Di diversa opinione Filippo Degasperi dei Cinquestelle: “Come al solito sui sindaci si è fatta propaganda, alla ricerca del loro consenso. Da un punto di vista pratico la riforma non ha un grande rilievo per quanto riguarda i contributi. Ma va letta nel quadro dell’aumento del 7 per cento deciso dal consiglio regionale. Se si fosse voluto aiutare per davvero i sindaci dei piccoli comuni che prendono mille euro e hanno molte incombenze, avrebbero potuto aumentare il loro appannaggio e non anche quelli dei sindaci dei Comuni più grandi, come Bolzano o Trento che guadagnano molto di più degli altri loro colleghi italiani a parità di popolazione”.
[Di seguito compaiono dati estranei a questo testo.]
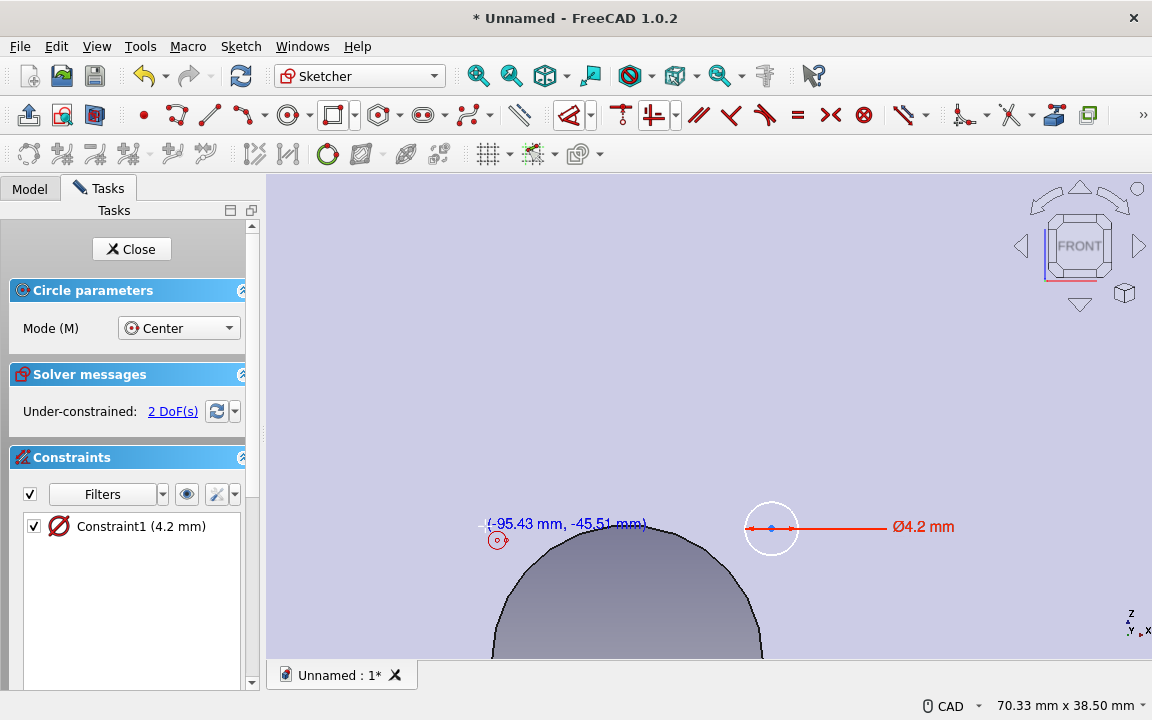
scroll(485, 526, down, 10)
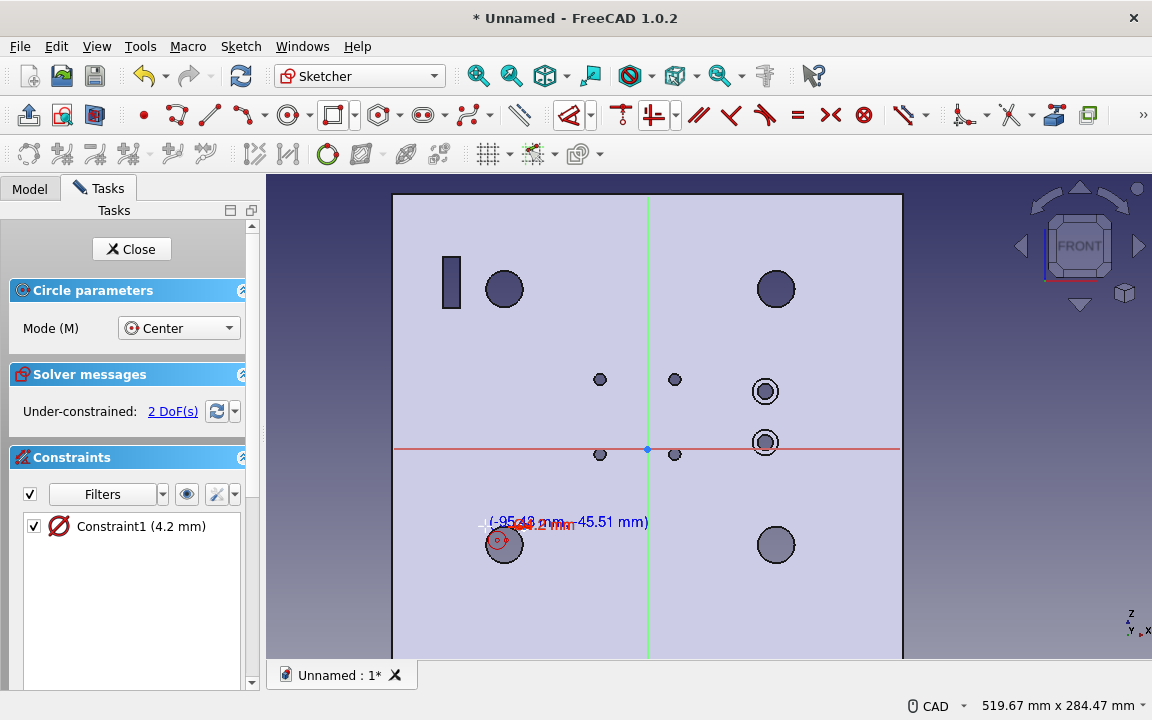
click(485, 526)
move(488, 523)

La realtà è che a livello economico la spesa “previdenziale” è di 12 milioni di euro (4,5 per la provincia di Trento e 7,7 per quella di Bolzano) nei 5 anni di mandato. In particolare, secondo gli uffici regionali, nel Trentino la spesa sarà di 896mila euro all’anno (472 mila per la previdenza e 423 mila per il fine mandato), mentre a Bolzano sarà di un milione e mezzo all’anno. In totale, a livello regionale, quindi la previdenza dei sindaci costerà 1 milione 300 mila euro all’anno e il trattamento di fine mandato circa un milione all’anno.
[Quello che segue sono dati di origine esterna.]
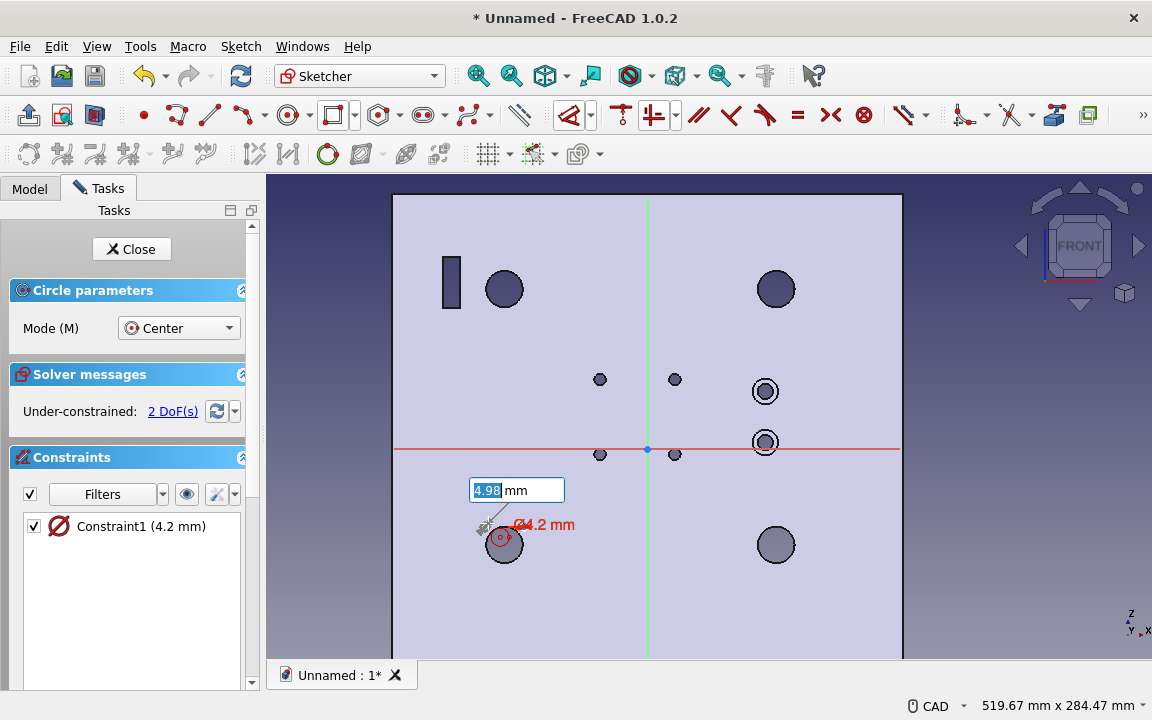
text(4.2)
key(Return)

A queste cifre vanno poi aggiunti i maggiori esborsi per l’aumento dell’indennità dei sindaci. A novembre il consiglio regionale ha riportato i compensi al livello precedente il taglio del 7 per cento deciso cinque anni fa per ridurre i costi della politica. È così che il sindaco di Trento, nel quinquennio 2020-2025, incasserà 9.432 euro mensili (lordi), mentre dal 2015 al 2020 la somma era stata ridotta a 8.771 euro. Sempre di più degli altri sindaci italiani.